Eh bien, d’après les premiers résultats qu’on avait pu avoir mardi soir, il semble que le feu d’artifice démocratique soit un pétard mouillé. Il n’y aurait eu qu’à peine 50 % de cheminots à participer à cette consultation. Et sur ces 50 %, seulement 60 % d’avis favorables. Ensemble, direction, cadres, et fédérations CGT et CFDT (plus de 73 % des voix aux élections professionnelles) n’ont même pas réussi à arracher l’assentiment d’un tiers des cheminots. Si cela se confirme, ce référendum apportera finalement une nouvelle preuve qu’une majorité des cheminots n’accepte pas de se laisser imposer un accord de flexibilité.

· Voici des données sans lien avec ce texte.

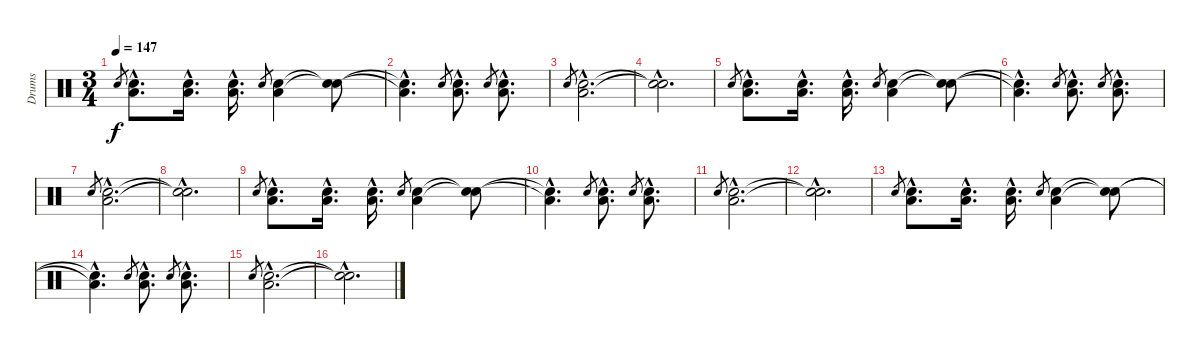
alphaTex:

\track ("Drums" "Drums") {instrument percussion}
\staff {score}
\articulation defaults
\ts (3 4)
\tempo 147
\clef neutral
\ks c "Snare (hit) 2".8{gr dy f}
("Snare (hit) 2"{hac} "Low Floor Tom (hit)"{hac}).8{d volume 16} ("Snare (hit) 2"{hac} "Low Floor Tom (hit)"{hac}).16{d} ("Snare (hit) 2"{hac} "Low Floor Tom (hit)"{hac}).16{d} "Snare (hit) 2".8{gr} ("Snare (hit) 2" "Low Floor Tom (hit)").4 ("Snare (hit)"{t} "Snare (hit)"{t}).8 |
("Snare (hit) 2"{hac t} "Low Floor Tom (hit)"{hac t}).4{d} "Snare (hit) 2".8{gr} ("Snare (hit) 2"{hac} "Low Floor Tom (hit)"{hac}).8{d} "Snare (hit) 2".8{gr} ("Snare (hit) 2"{hac} "Low Floor Tom (hit)"{hac}).8{d} |
"Snare (hit) 2".8{gr} ("Snare (hit) 2"{hac} "Low Floor Tom (hit)"{hac}).2{d} |
("Snare (hit)"{hac t} "Snare (hit)"{hac t}).2{d} |
"Snare (hit) 2".8{gr} ("Snare (hit) 2"{hac} "Low Floor Tom (hit)"{hac}).8{d volume 16} ("Snare (hit) 2"{hac} "Low Floor Tom (hit)"{hac}).16{d} ("Snare (hit) 2"{hac} "Low Floor Tom (hit)"{hac}).16{d} "Snare (hit) 2".8{gr} ("Snare (hit) 2" "Low Floor Tom (hit)").4 ("Snare (hit)"{t} "Snare (hit)"{t}).8 |
("Snare (hit) 2"{hac t} "Low Floor Tom (hit)"{hac t}).4{d} "Snare (hit) 2".8{gr} ("Snare (hit) 2"{hac} "Low Floor Tom (hit)"{hac}).8{d} "Snare (hit) 2".8{gr} ("Snare (hit) 2"{hac} "Low Floor Tom (hit)"{hac}).8{d} |
"Snare (hit) 2".8{gr} ("Snare (hit) 2"{hac} "Low Floor Tom (hit)"{hac}).2{d} |
("Snare (hit)"{hac t} "Snare (hit)"{hac t}).2{d} |
"Snare (hit) 2".8{gr} ("Snare (hit) 2"{hac} "Low Floor Tom (hit)"{hac}).8{d volume 16} ("Snare (hit) 2"{hac} "Low Floor Tom (hit)"{hac}).16{d} ("Snare (hit) 2"{hac} "Low Floor Tom (hit)"{hac}).16{d} "Snare (hit) 2".8{gr} ("Snare (hit) 2" "Low Floor Tom (hit)").4 ("Snare (hit)"{t} "Snare (hit)"{t}).8 |
("Snare (hit) 2"{hac t} "Low Floor Tom (hit)"{hac t}).4{d} "Snare (hit) 2".8{gr} ("Snare (hit) 2"{hac} "Low Floor Tom (hit)"{hac}).8{d} "Snare (hit) 2".8{gr} ("Snare (hit) 2"{hac} "Low Floor Tom (hit)"{hac}).8{d} |
"Snare (hit) 2".8{gr} ("Snare (hit) 2"{hac} "Low Floor Tom (hit)"{hac}).2{d} |
("Snare (hit)"{hac t} "Snare (hit)"{hac t}).2{d} |
"Snare (hit) 2".8{gr} ("Snare (hit) 2"{hac} "Low Floor Tom (hit)"{hac}).8{d volume 16} ("Snare (hit) 2"{hac} "Low Floor Tom (hit)"{hac}).16{d} ("Snare (hit) 2"{hac} "Low Floor Tom (hit)"{hac}).16{d} "Snare (hit) 2".8{gr} ("Snare (hit) 2" "Low Floor Tom (hit)").4 ("Snare (hit)"{t} "Snare (hit)"{t}).8 |
("Snare (hit) 2"{hac t} "Low Floor Tom (hit)"{hac t}).4{d} "Snare (hit) 2".8{gr} ("Snare (hit) 2"{hac} "Low Floor Tom (hit)"{hac}).8{d} "Snare (hit) 2".8{gr} ("Snare (hit) 2"{hac} "Low Floor Tom (hit)"{hac}).8{d} |
"Snare (hit) 2".8{gr} ("Snare (hit) 2"{hac} "Low Floor Tom (hit)"{hac}).2{d} |
("Snare (hit)"{hac t} "Snare (hit)"{hac t}).2{d}
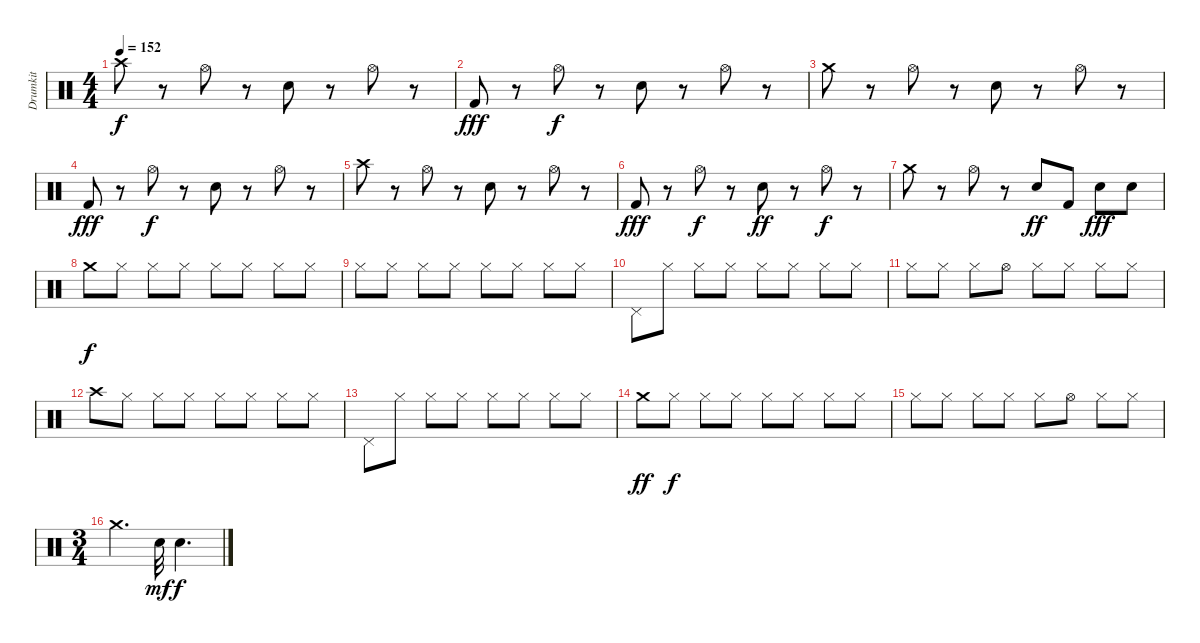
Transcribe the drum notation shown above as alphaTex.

\track ("Drumkit" "Drumkit") {instrument percussion}
\staff {score}
\articulation defaults
\ts (4 4)
\tempo 152
\clef neutral
\ks c "Crash high (hit)".8{dy f}
r.8 "Hi-Hat (open)".8 r.8 "Snare (hit) 2".8 r.8 "Hi-Hat (open)".8 r.8 |
"Kick (hit) 2".8{dy fff} r.8 "Hi-Hat (open)".8{dy f} r.8 "Snare (hit) 2".8 r.8 "Hi-Hat (open)".8 r.8 |
"Crash medium (hit)".8 r.8 "Hi-Hat (open)".8 r.8 "Snare (hit) 2".8 r.8 "Hi-Hat (open)".8 r.8 |
"Kick (hit) 2".8{dy fff} r.8 "Hi-Hat (open)".8{dy f} r.8 "Snare (hit) 2".8 r.8 "Hi-Hat (open)".8 r.8 |
"Crash high (hit)".8 r.8 "Hi-Hat (open)".8 r.8 "Snare (hit) 2".8 r.8 "Hi-Hat (open)".8 r.8 |
"Kick (hit) 2".8{dy fff} r.8 "Hi-Hat (open)".8{dy f} r.8 "Snare (hit) 2".8{dy ff} r.8 "Hi-Hat (open)".8{dy f} r.8 |
"Crash medium (hit)".8 r.8 "Hi-Hat (open)".8 r.8 "Snare (hit) 2".8{dy ff} "Kick (hit) 2".8 "Snare (hit) 2".8{dy fff} "Snare (hit) 2".8 |
"Crash medium (hit)".8{dy f} "Hi-Hat (closed)".8 "Hi-Hat (closed)".8 "Hi-Hat (closed)".8 "Hi-Hat (closed)".8 "Hi-Hat (closed)".8 "Hi-Hat (closed)".8 "Hi-Hat (closed)".8 |
"Hi-Hat (closed)".8 "Hi-Hat (closed)".8 "Hi-Hat (closed)".8 "Hi-Hat (closed)".8 "Hi-Hat (closed)".8 "Hi-Hat (closed)".8 "Hi-Hat (closed)".8 "Hi-Hat (closed)".8 |
"Pedal Hi-Hat (hit)".8 "Hi-Hat (closed)".8 "Hi-Hat (closed)".8 "Hi-Hat (closed)".8 "Hi-Hat (closed)".8 "Hi-Hat (closed)".8 "Hi-Hat (closed)".8 "Hi-Hat (closed)".8 |
"Hi-Hat (closed)".8 "Hi-Hat (closed)".8 "Hi-Hat (closed)".8 "Hi-Hat (open)".8 "Hi-Hat (closed)".8 "Hi-Hat (closed)".8 "Hi-Hat (closed)".8 "Hi-Hat (closed)".8 |
"Crash high (hit)".8 "Hi-Hat (closed)".8 "Hi-Hat (closed)".8 "Hi-Hat (closed)".8 "Hi-Hat (closed)".8 "Hi-Hat (closed)".8 "Hi-Hat (closed)".8 "Hi-Hat (closed)".8 |
"Pedal Hi-Hat (hit)".8 "Hi-Hat (closed)".8 "Hi-Hat (closed)".8 "Hi-Hat (closed)".8 "Hi-Hat (closed)".8 "Hi-Hat (closed)".8 "Hi-Hat (closed)".8 "Hi-Hat (closed)".8 |
"Crash medium (hit)".8{dy ff} "Hi-Hat (closed)".8{dy f} "Hi-Hat (closed)".8 "Hi-Hat (closed)".8 "Hi-Hat (closed)".8 "Hi-Hat (closed)".8 "Hi-Hat (closed)".8 "Hi-Hat (closed)".8 |
"Hi-Hat (closed)".8 "Hi-Hat (closed)".8 "Hi-Hat (closed)".8 "Hi-Hat (closed)".8 "Hi-Hat (closed)".8 "Hi-Hat (open)".8 "Hi-Hat (closed)".8 "Hi-Hat (closed)".8 |
\ts (3 4)
"Crash medium (hit)".4{d} "Snare (hit) 2".32{dy mf} "Snare (hit) 2".4{d dy f}

La direction et les fédérations syndicales ne renonceront sûrement pas à leur projet comme ça. La direction de la fédération CGT a d’ores et déjà, pour essayer de couper court à tout débat dans ses rangs, annoncé son intention de signer dans les jours qui viennent. Mais les cheminots ne renonceront sûrement pas non plus à leur opposition. Les partisans de l’accord ont abattu une carte biseautée. Les cheminots en ont bien d’autres dans leur sac. La lutte pour une véritable réduction du temps de travail, sans flexibilité ni blocage des salaires, avec embauches massives est plus que jamais à l’ordre du jour.